Dienstag, 28. Januar 2020

Zum Beispiel "Großmütter" im Gedicht...Zur Lesung von Karoline Marliani und Ingeborg Brenne-Markner in der Elisabeth-Selbert-Gesamtschule Bonn am 23. Januar 2020

Es war ein Zufall, dass die zwei Postpoetry-Jurys 2019 zwei Gedichte auswählten, die Großmütter in den Mittelpunkt des Erinnerns stellen. Und es war in gewisser Weise ein weiterer Zufall, dass die beiden Verfasserinnen dieser Texte gemeinsam an einer Lesung mitwirkten.

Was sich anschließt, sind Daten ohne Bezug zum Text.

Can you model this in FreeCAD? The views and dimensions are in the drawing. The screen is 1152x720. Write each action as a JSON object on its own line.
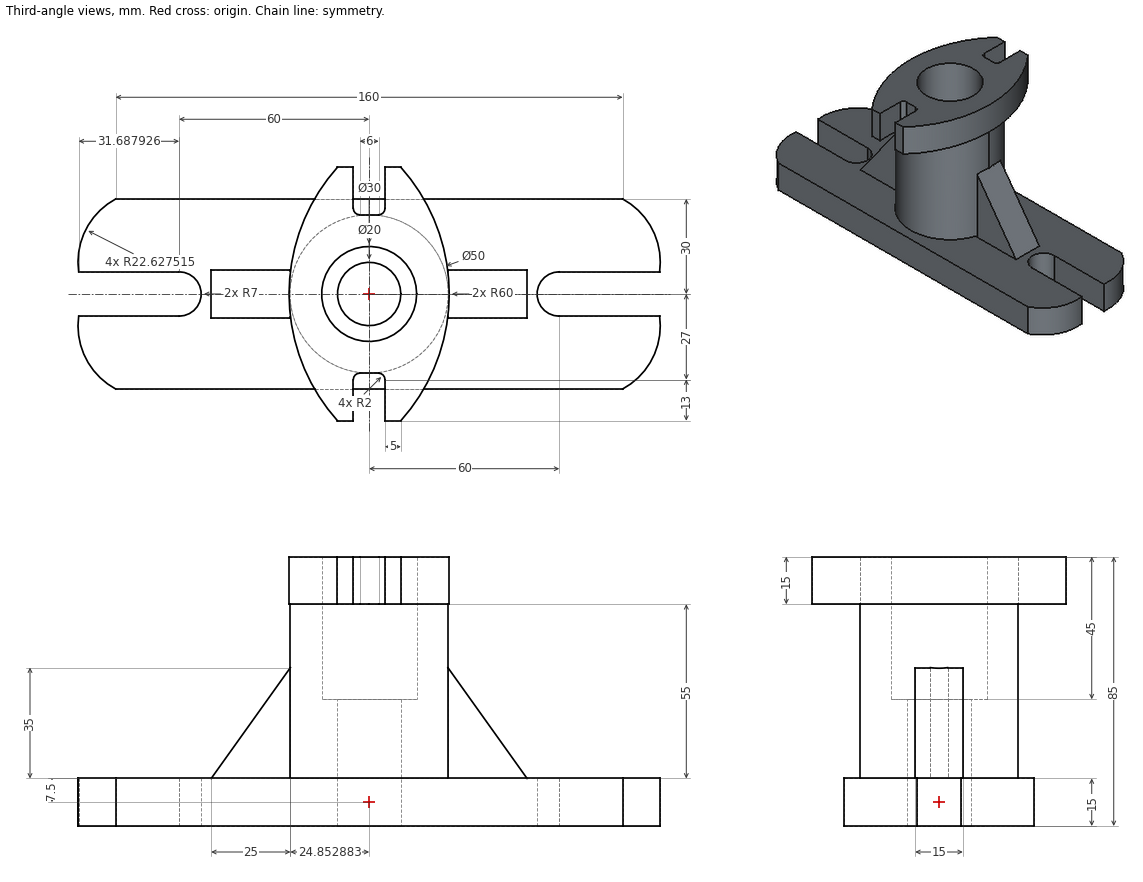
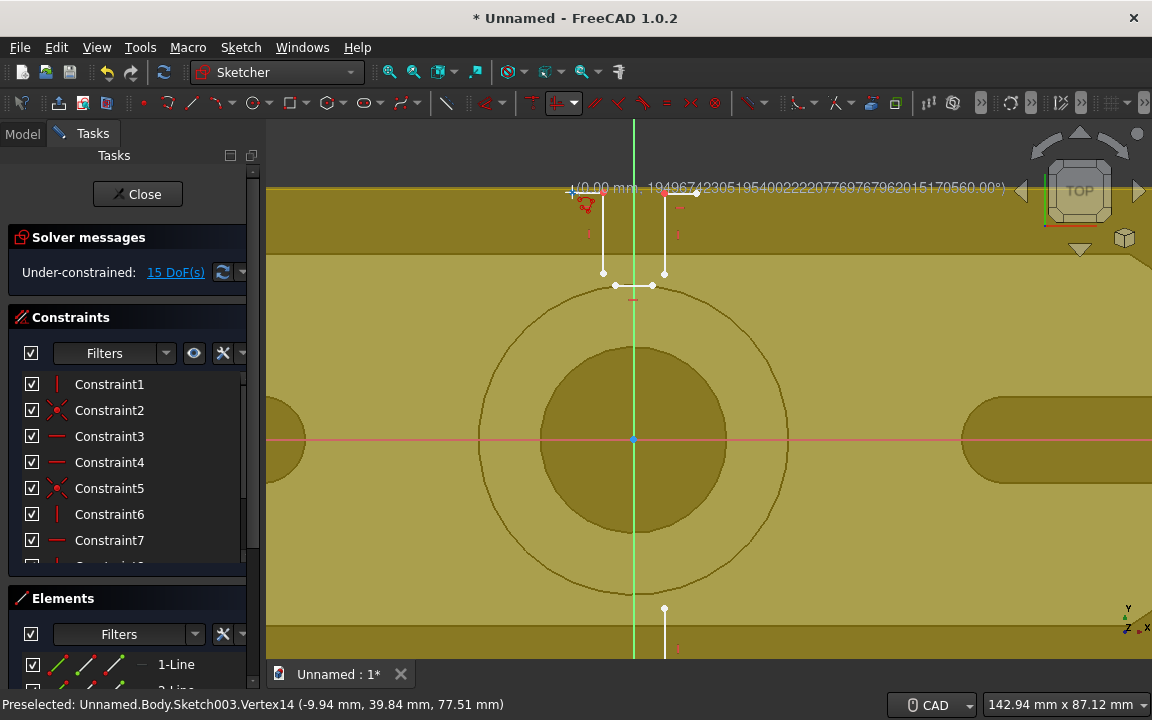
{"action": "scroll", "coordinate": [655, 285], "scroll_direction": "down", "scroll_amount": 2}

Ingeborg Brenne-Markners Gedicht heißt „in großmutters sommer“, der Text von Nachwuchsautorin Karoline Marliani „Kinderreue“. 
 Obwohl beide Texte also ein ähnliches Sujet haben, nähern sie sich ganz unterschiedlich ihrer Hauptperson. Das stellten auch die Oberstufenschülerinnen und -schüler der Elisabeth-Selbert-Gesamtschule in Bonn Bad Godesberg fest, wo nun die von Simone Scharbert moderierte Lesung der Preisträgerinnen stattfand. Rege beteiligten sie sich mit ihren vielen Fragen am Geschehen dieses Morgens. „Warum wechseln die Zeiten in Ihrem Gedicht?“, wollte eine Schülerin wissen. 
Das eine, erklärte Lyrikerin Brenne-Markner, sei das vergangene Geschehen, das andere die Erinnerung und ihre Auswirkungen bis in die Gegenwart. Auch nach dem Tod der Großmutter und dem Ende der Kinderzeit blieben nicht nur die Trauer, sondern auch das Schöne im Gedächtnis, beispielsweise der Himbeersirupduft, beispielsweise die Leichtigkeit der Federkugeln des Löwenzahns. Genau diese Qualität hatte auch die Jury bei ihrer Textauswahl hervorgehoben: „…der Textraum des Gedichts (vermag) auf beglückende Weise beides zu bergen: das Glück und den Verlust.“ 
Ganz anders war der Zugriff auf das Großmutterthema von Karoline Marliani. Sie griff in ihrem kurzen Gedicht eine kleine Szene auf, in der die Großmutter versehendlich das Enkelkind an einer mit Schnodder verschmierten Stelle küsst. „SCHMACK“. Das Kind fühlt sich unwohl, ja schuldig für diese Situation. Für Marliani spielen Reim und Rhythmus ihrer Texte eine herausragende Rolle. Das – so erklärte sie den Schülerinnen und Schüler – komme daher, dass sie von früh auf Musik gemacht habe und Gedichte seien eben auch eine Form von Musik. Außer Lyrik schreibt die junge Autorin, die derzeit in Köln studiert, auch Prosa, u. z. „Dark Fantasy“. Nach fünf Jahren sei ihr erster Roman nun endlich fertig gestellt. Das Schreiben sei für sie immer wichtig gewesen. Sie habe schon Geschichten diktiert, ehe sie überhaupt die Buchstaben erlernt habe.

Durch den lebendigen Morgen führte Autorin und Lyrikerin Simone Scharbert, die u. a. Lyrik an der Universität Köln unterrichtet. Sie wusste die Schülerinnen und Schüler wunderbar ins Geschehen einzubinden. Es war ein Morgen „ohne Gewicht“ (I. Brenne-Markner in einem Gedicht), der zugleich sehr gewichtig war, führte der doch  an Schreibweisen von Gegenwartslyrik und Ansatzpunkte des Verstehens heran.